— Data for analysis —

* * * *

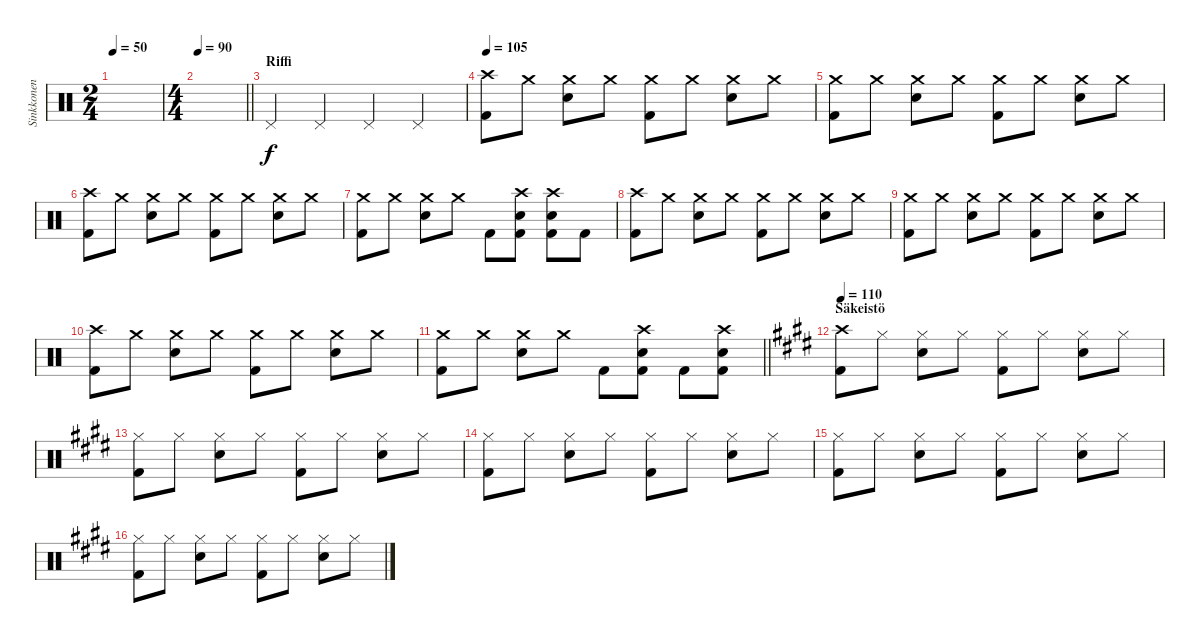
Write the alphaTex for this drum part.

\track ("Sinkkonen" "Sinkkonen") {instrument percussion}
\staff {score}
\articulation defaults
\ts (2 4)
\tempo 50
\clef neutral
\ks c
|
\ts (4 4)
\tempo 90
\barLineRight lightlight
|
\section ("" "Riffi")
"Pedal Hi-Hat (hit)".4{volume 13} "Pedal Hi-Hat (hit)".4 "Pedal Hi-Hat (hit)".4 "Pedal Hi-Hat (hit)".4 |
\tempo 105
("Crash high (hit)" "Kick (hit) 2").8 "Crash medium (hit)".8 ("Crash medium (hit)" "Snare (hit) 2").8 "Crash medium (hit)".8 ("Crash medium (hit)" "Kick (hit) 2").8 "Crash medium (hit)".8 ("Crash medium (hit)" "Snare (hit) 2").8 "Crash medium (hit)".8 |
("Crash medium (hit)" "Kick (hit) 2").8 "Crash medium (hit)".8 ("Crash medium (hit)" "Snare (hit) 2").8 "Crash medium (hit)".8 ("Crash medium (hit)" "Kick (hit) 2").8 "Crash medium (hit)".8 ("Crash medium (hit)" "Snare (hit) 2").8 "Crash medium (hit)".8 |
("Crash high (hit)" "Kick (hit) 2").8 "Crash medium (hit)".8 ("Crash medium (hit)" "Snare (hit) 2").8 "Crash medium (hit)".8 ("Crash medium (hit)" "Kick (hit) 2").8 "Crash medium (hit)".8 ("Crash medium (hit)" "Snare (hit) 2").8 "Crash medium (hit)".8 |
("Crash medium (hit)" "Kick (hit) 2").8 "Crash medium (hit)".8 ("Crash medium (hit)" "Snare (hit) 2").8 "Crash medium (hit)".8 "Kick (hit) 2".8 ("Crash high (hit)" "Snare (hit) 2" "Kick (hit) 2").8 ("Crash high (hit)" "Snare (hit) 2" "Kick (hit) 2").8 "Kick (hit) 2".8 |
("Crash high (hit)" "Kick (hit) 2").8 "Crash medium (hit)".8 ("Crash medium (hit)" "Snare (hit) 2").8 "Crash medium (hit)".8 ("Crash medium (hit)" "Kick (hit) 2").8 "Crash medium (hit)".8 ("Crash medium (hit)" "Snare (hit) 2").8 "Crash medium (hit)".8 |
("Crash medium (hit)" "Kick (hit) 2").8 "Crash medium (hit)".8 ("Crash medium (hit)" "Snare (hit) 2").8 "Crash medium (hit)".8 ("Crash medium (hit)" "Kick (hit) 2").8 "Crash medium (hit)".8 ("Crash medium (hit)" "Snare (hit) 2").8 "Crash medium (hit)".8 |
("Crash high (hit)" "Kick (hit) 2").8 "Crash medium (hit)".8 ("Crash medium (hit)" "Snare (hit) 2").8 "Crash medium (hit)".8 ("Crash medium (hit)" "Kick (hit) 2").8 "Crash medium (hit)".8 ("Crash medium (hit)" "Snare (hit) 2").8 "Crash medium (hit)".8 |
\barLineRight lightlight
("Crash medium (hit)" "Kick (hit) 2").8 "Crash medium (hit)".8 ("Crash medium (hit)" "Snare (hit) 2").8 "Crash medium (hit)".8 "Kick (hit) 2".8 ("Crash high (hit)" "Snare (hit) 2" "Kick (hit) 2").8 "Kick (hit) 2".8 ("Crash high (hit)" "Snare (hit) 2" "Kick (hit) 2").8 |
\section ("" "Säkeistö")
\tempo 110
\ks c#minor
("Crash high (hit)" "Kick (hit) 2").8 "Hi-Hat (closed)".8 ("Hi-Hat (closed)" "Snare (hit) 2").8 "Hi-Hat (closed)".8 ("Hi-Hat (closed)" "Kick (hit) 2").8 "Hi-Hat (closed)".8 ("Hi-Hat (closed)" "Snare (hit) 2").8 "Hi-Hat (closed)".8 |
("Hi-Hat (closed)" "Kick (hit) 2").8 "Hi-Hat (closed)".8 ("Hi-Hat (closed)" "Snare (hit) 2").8 "Hi-Hat (closed)".8 ("Hi-Hat (closed)" "Kick (hit) 2").8 "Hi-Hat (closed)".8 ("Hi-Hat (closed)" "Snare (hit) 2").8 "Hi-Hat (closed)".8 |
("Hi-Hat (closed)" "Kick (hit) 2").8 "Hi-Hat (closed)".8 ("Hi-Hat (closed)" "Snare (hit) 2").8 "Hi-Hat (closed)".8 ("Hi-Hat (closed)" "Kick (hit) 2").8 "Hi-Hat (closed)".8 ("Hi-Hat (closed)" "Snare (hit) 2").8 "Hi-Hat (closed)".8 |
("Hi-Hat (closed)" "Kick (hit) 2").8 "Hi-Hat (closed)".8 ("Hi-Hat (closed)" "Snare (hit) 2").8 "Hi-Hat (closed)".8 ("Hi-Hat (closed)" "Kick (hit) 2").8 "Hi-Hat (closed)".8 ("Hi-Hat (closed)" "Snare (hit) 2").8 "Hi-Hat (closed)".8 |
("Hi-Hat (closed)" "Kick (hit) 2").8 "Hi-Hat (closed)".8 ("Hi-Hat (closed)" "Snare (hit) 2").8 "Hi-Hat (closed)".8 ("Hi-Hat (closed)" "Kick (hit) 2").8 "Hi-Hat (closed)".8 ("Hi-Hat (closed)" "Snare (hit) 2").8 "Hi-Hat (closed)".8

* * * *

— Your objective —
Using the data above, return every line that contains the string "tempo".

— Finished exercise —
\tempo 50
\tempo 90
\tempo 105
\tempo 110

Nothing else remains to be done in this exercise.